Good thing was no damage to the bike or my riding clothes, just a few scrapes on my arm so no problem.
I was just wondering how often single speed and fixie riders come off on average OR IS IT SOMETHING YOU MACHO RIDERS OUT THERE DONT WANT TO ADMIT ?


----------



## MacB (5 Feb 2011)

twice so far, once when trying clipless, not to be repeated, and once when turning into a taxi, entirely my fault and very stupid.

Though I almost fell off yesterday cycling around my close, was getting bar height and reach sorted so kept doing little laps to check angle etc. On the last one looked up to see Royal Mail van arriving, more CRC goodies for me!!! and promptly cycled straight into raised kerb and almost over. Postie probably thought he shouldn't have given me the package as I obviously couldn't use the bike stuff I had.


----------



## ColinJ (5 Feb 2011)

Road cycling - once every 10,000 miles or so? That would be once every 2 or 3 years. I can't remember the last time.

Oh, I had a very near miss on a forum ride a couple of years ago when talking to Calum. I had my hands on the tops of the bars, looked up and realised that I had ridden off the lane we were on and was heading straight for a wall. I just managed to get my hand on the front brake lever in time and stopped with the front wheel resting against the wall! 
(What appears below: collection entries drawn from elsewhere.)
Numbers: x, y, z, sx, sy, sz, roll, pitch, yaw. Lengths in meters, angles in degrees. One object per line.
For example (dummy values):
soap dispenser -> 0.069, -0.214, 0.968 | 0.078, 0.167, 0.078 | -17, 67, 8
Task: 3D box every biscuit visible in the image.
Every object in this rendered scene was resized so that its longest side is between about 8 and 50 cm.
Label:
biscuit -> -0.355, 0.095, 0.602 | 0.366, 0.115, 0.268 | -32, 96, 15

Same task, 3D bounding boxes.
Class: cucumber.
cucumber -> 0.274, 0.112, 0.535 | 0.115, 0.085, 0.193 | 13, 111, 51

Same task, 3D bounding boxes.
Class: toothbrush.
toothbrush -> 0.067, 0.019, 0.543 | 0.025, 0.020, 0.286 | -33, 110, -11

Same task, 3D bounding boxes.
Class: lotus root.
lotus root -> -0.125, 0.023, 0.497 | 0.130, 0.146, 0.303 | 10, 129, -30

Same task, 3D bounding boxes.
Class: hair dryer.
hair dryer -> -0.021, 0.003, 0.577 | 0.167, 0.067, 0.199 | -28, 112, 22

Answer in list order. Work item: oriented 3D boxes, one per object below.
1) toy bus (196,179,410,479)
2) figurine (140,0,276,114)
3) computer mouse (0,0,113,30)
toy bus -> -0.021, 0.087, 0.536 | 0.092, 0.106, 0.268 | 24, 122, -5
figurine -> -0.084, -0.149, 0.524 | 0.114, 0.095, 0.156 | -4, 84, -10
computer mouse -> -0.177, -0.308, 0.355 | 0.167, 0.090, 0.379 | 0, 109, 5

Mountain biking, a lot more frequently because of the technical nature of the terrain I used to ride over (I don't do much MTB riding these days).


----------



## potsy (5 Feb 2011)

Twice, both at about 2mph





1st one whilst trying to take a banana out of my bar bag on the trans-pennine trail, comical lean over to the right clipped in.
2nd whilst cycling back from Blackpool with Bromptonfb, took a short cut, missed a turn and did a U-turn, unfortunately 23mm tyres and a big patch of slippy mud don't mix so down I went


----------



## Davidc (5 Feb 2011)

ColinJ said:


> Road cycling - once every 10,000 miles or so? That would be once every 2 or 3 years. I can't remember the last time.



That's all I do, and it's not on a fixed wheel bike. I'd agree with the interval - that's about right for me too.
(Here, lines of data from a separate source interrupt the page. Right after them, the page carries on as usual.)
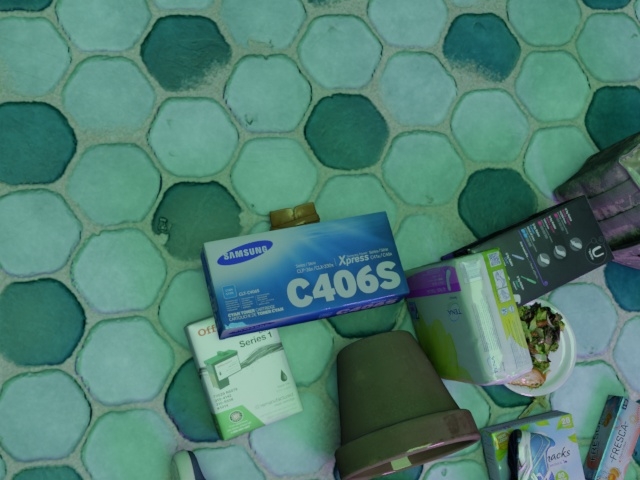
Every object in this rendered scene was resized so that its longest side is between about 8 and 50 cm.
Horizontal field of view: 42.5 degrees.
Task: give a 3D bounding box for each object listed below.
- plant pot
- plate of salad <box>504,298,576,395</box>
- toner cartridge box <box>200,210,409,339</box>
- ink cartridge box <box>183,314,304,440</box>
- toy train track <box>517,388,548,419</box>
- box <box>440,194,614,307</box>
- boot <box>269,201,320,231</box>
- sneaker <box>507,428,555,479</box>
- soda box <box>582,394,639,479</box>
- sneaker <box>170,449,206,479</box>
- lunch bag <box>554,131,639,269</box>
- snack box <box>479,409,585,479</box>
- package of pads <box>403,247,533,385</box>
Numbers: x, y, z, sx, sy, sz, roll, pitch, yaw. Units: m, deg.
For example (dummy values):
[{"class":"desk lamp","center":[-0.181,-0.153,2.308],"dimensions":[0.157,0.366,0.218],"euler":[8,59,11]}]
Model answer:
[{"class":"plant pot","center":[0.132,0.293,1.504],"dimensions":[0.263,0.263,0.229],"euler":[-12,69,-13]},{"class":"plate of salad","center":[0.428,0.212,1.655],"dimensions":[0.200,0.048,0.200],"euler":[2,78,-11]},{"class":"toner cartridge box","center":[-0.028,0.060,1.489],"dimensions":[0.348,0.075,0.165],"euler":[-11,72,-16]},{"class":"ink cartridge box","center":[-0.143,0.233,1.516],"dimensions":[0.160,0.092,0.219],"euler":[-19,87,-14]},{"class":"toy train track","center":[0.428,0.332,1.664],"dimensions":[0.083,0.014,0.048],"euler":[-45,101,-7]},{"class":"box","center":[0.402,0.036,1.615],"dimensions":[0.270,0.165,0.143],"euler":[-24,88,-13]},{"class":"boot","center":[0.000,0.000,1.587],"dimensions":[0.197,0.073,0.152],"euler":[-8,81,-15]},{"class":"sneaker","center":[0.395,0.462,1.534],"dimensions":[0.081,0.080,0.211],"euler":[4,87,-4]},{"class":"soda box","center":[0.593,0.409,1.665],"dimensions":[0.063,0.058,0.183],"euler":[26,78,-8]},{"class":"sneaker","center":[-0.152,0.520,1.472],"dimensions":[0.148,0.131,0.350],"euler":[-22,94,-20]},{"class":"lunch bag","center":[0.651,-0.056,1.641],"dimensions":[0.169,0.235,0.287],"euler":[-41,92,-19]},{"class":"snack box","center":[0.422,0.455,1.616],"dimensions":[0.174,0.070,0.207],"euler":[-11,87,-12]},{"class":"package of pads","center":[0.257,0.146,1.504],"dimensions":[0.101,0.296,0.229],"euler":[-15,87,-15]}]
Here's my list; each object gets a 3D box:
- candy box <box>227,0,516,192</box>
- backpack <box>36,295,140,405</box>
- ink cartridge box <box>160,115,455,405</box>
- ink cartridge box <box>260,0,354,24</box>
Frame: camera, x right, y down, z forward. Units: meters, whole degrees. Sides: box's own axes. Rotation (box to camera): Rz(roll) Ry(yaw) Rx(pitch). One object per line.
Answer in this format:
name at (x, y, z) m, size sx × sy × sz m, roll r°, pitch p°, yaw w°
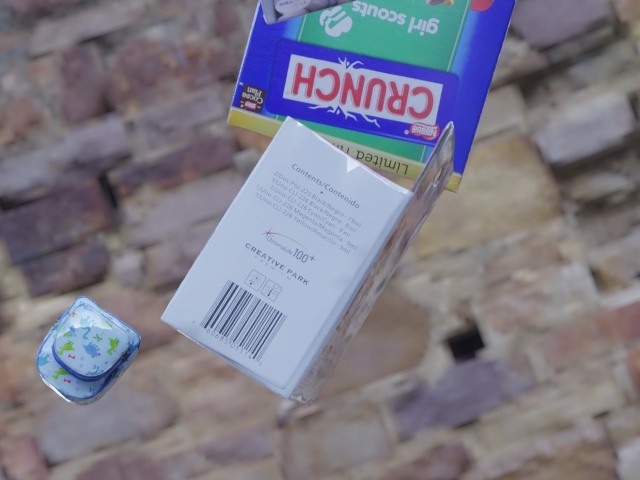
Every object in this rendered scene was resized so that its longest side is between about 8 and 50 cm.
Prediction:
candy box at (0.066, -0.242, 2.150) m, size 0.268 × 0.317 × 0.122 m, roll 16°, pitch 11°, yaw 1°
backpack at (-0.286, 0.136, 2.391) m, size 0.114 × 0.105 × 0.084 m, roll -53°, pitch -4°, yaw -11°
ink cartridge box at (0.000, 0.000, 1.767) m, size 0.272 × 0.130 × 0.309 m, roll -58°, pitch -6°, yaw -4°
ink cartridge box at (0.026, -0.319, 1.782) m, size 0.206 × 0.208 × 0.045 m, roll -16°, pitch 25°, yaw -4°
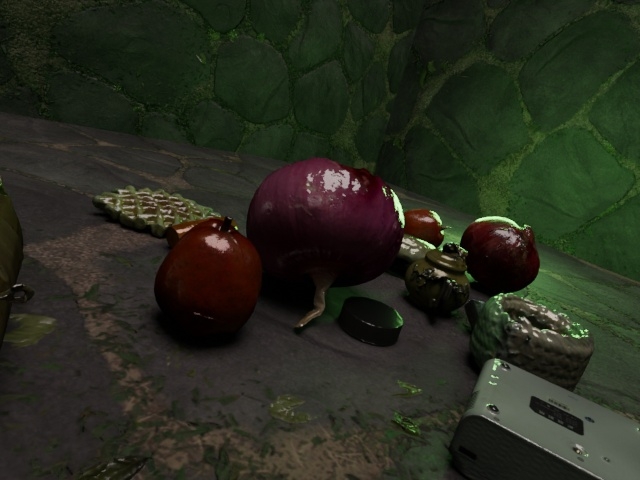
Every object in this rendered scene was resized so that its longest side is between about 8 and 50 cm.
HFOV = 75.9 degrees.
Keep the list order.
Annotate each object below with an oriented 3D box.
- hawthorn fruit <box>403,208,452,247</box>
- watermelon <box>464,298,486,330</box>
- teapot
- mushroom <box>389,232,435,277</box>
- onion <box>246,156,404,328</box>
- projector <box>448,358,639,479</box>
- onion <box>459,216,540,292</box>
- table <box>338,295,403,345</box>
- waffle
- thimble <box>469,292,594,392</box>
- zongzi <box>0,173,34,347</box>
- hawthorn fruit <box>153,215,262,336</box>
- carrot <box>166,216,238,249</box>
[{"bbox_3d":[0.390,-0.038,1.548,0.200,0.179,0.179,-15,5,23],"label":"hawthorn fruit"},{"bbox_3d":[0.420,0.215,0.985,0.180,0.081,0.094,38,6,17],"label":"watermelon"},{"bbox_3d":[0.318,0.092,1.079,0.173,0.183,0.269,19,18,8],"label":"teapot"},{"bbox_3d":[0.240,0.014,1.362,0.247,0.130,0.344,-5,27,-41],"label":"mushroom"},{"bbox_3d":[0.011,-0.001,0.937,0.358,0.345,0.358,-2,-1,0],"label":"onion"},{"bbox_3d":[0.328,0.288,0.573,0.250,0.108,0.198,24,19,26],"label":"projector"},{"bbox_3d":[0.610,0.046,1.392,0.276,0.276,0.276,14,16,-4],"label":"onion"},{"bbox_3d":[0.107,0.169,0.875,0.133,0.043,0.133,15,16,-4],"label":"table"},{"bbox_3d":[-0.452,-0.085,1.170,0.309,0.056,0.292,19,17,8],"label":"waffle"},{"bbox_3d":[0.417,0.212,0.832,0.219,0.150,0.219,15,16,-4],"label":"thimble"},{"bbox_3d":[-0.515,0.078,0.402,0.418,0.181,0.447,-10,27,-30],"label":"zongzi"},{"bbox_3d":[-0.181,0.055,0.707,0.185,0.202,0.185,17,8,-3],"label":"hawthorn fruit"},{"bbox_3d":[-0.293,-0.017,1.051,0.087,0.087,0.193,24,19,27],"label":"carrot"}]
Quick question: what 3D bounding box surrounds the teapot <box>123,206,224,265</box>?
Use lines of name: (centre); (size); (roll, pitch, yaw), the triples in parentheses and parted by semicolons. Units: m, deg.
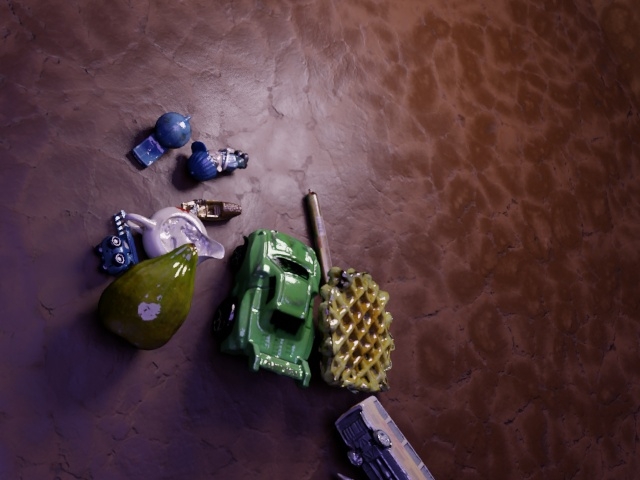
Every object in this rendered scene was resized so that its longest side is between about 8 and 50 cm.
teapot: (-0.323, -0.003, 1.768); (0.226, 0.092, 0.145); (23, 61, -29)

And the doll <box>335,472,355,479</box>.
doll: (0.069, 0.619, 1.816); (0.110, 0.107, 0.180); (36, 59, -31)

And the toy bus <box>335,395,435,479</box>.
toy bus: (0.170, 0.521, 1.858); (0.342, 0.097, 0.138); (53, 22, 11)

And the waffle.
waffle: (0.084, 0.215, 1.938); (0.317, 0.073, 0.297); (26, 62, -54)

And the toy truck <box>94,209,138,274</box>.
toy truck: (-0.429, 0.004, 1.722); (0.074, 0.063, 0.136); (-2, 73, -54)

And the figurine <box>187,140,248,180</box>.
figurine: (-0.241, -0.183, 1.900); (0.149, 0.086, 0.087); (-5, 118, -46)

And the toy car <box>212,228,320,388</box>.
toy car: (-0.098, 0.147, 1.818); (0.213, 0.176, 0.358); (25, 62, -26)

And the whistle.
whistle: (-0.343, -0.235, 1.838); (0.090, 0.090, 0.158); (48, 55, -11)

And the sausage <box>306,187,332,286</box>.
sausage: (0.001, 0.000, 2.016); (0.033, 0.033, 0.269); (-4, 77, -34)

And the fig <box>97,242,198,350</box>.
fig: (-0.345, 0.118, 1.680); (0.167, 0.167, 0.233); (45, 48, -13)

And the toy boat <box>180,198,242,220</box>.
toy boat: (-0.249, -0.071, 1.867); (0.149, 0.049, 0.047); (2, 74, -32)

Last time was on a velib in Brussels last year, in the bl00dy tram lines.


----------



## rualexander (5 Feb 2011)

Never fallen off on road in 24 years of cycling, used to come off occasionally when mountainbiking back in the eighties.


----------



## Cush (5 Feb 2011)

Twice, once when I stopped to ask some one the way to the Youth Hostel when I was on the LEJOG and promtly fell over. The person I was speaking too was the hostel warden!!. Who took great delight in telling the other hostlers what had happened. The second time was when I stopped to open a gate on a cycle / footpath and fell in to some brambles on a slope felt very foolish both times and was removing thorns for days after the second one.


----------



## GrumpyGregry (5 Feb 2011)

mtb'ing - almost every weekend
commuting - was never until y'day in the gale (if you don't count getting offed by cars)
club rides - touches wood, never.


----------



## markg0vbr (5 Feb 2011)

rolled the trike twice miner abrasions and one demolished back wheel, when going a long, hedge? er that cant be right eek why am i facing that car that was behind me...... bang
and one on a two wheeler last Saturday broke my hip, now sporting three bolts up through my thigh bone.


----------



## buggi (5 Feb 2011)

twice in 7 years (not counting the 3 clipless moments when i was at a standstill). to be honest mate, i try to avoid it if i can. if you think it's your fixie that's causing it, time to change bike before you become too nervous to ride.


----------



## Oldie But Goodie (5 Feb 2011)

buggi said:


> twice in 7 years (not counting the 3 clipless moments when i was at a standstill). to be honest mate, i try to avoid it if i can. if you think it's your fixie that's causing it, time to change bike before you become too nervous to ride.



To be honest Buggi all the falls have been down to me and today it was the tram lines.
Your three clipless moments count as falls as I have included those in my calculations.
I did change my hub recently from fixed to single and this week changed back as I prefer the "oneness" you get with the fixed but I guess the secret is not to keep swapping as it leads to confusion.
Thanks for the advice anyway mate


----------



## Oldie But Goodie (5 Feb 2011)

markg0vbr said:


> rolled the trike twice miner abrasions and one demolished back wheel, when going a long, hedge? er that cant be right eek why am i facing that car that was behind me...... bang
> and one on a two wheeler last Saturday broke my hip, now sporting three bolts up through my thigh bone.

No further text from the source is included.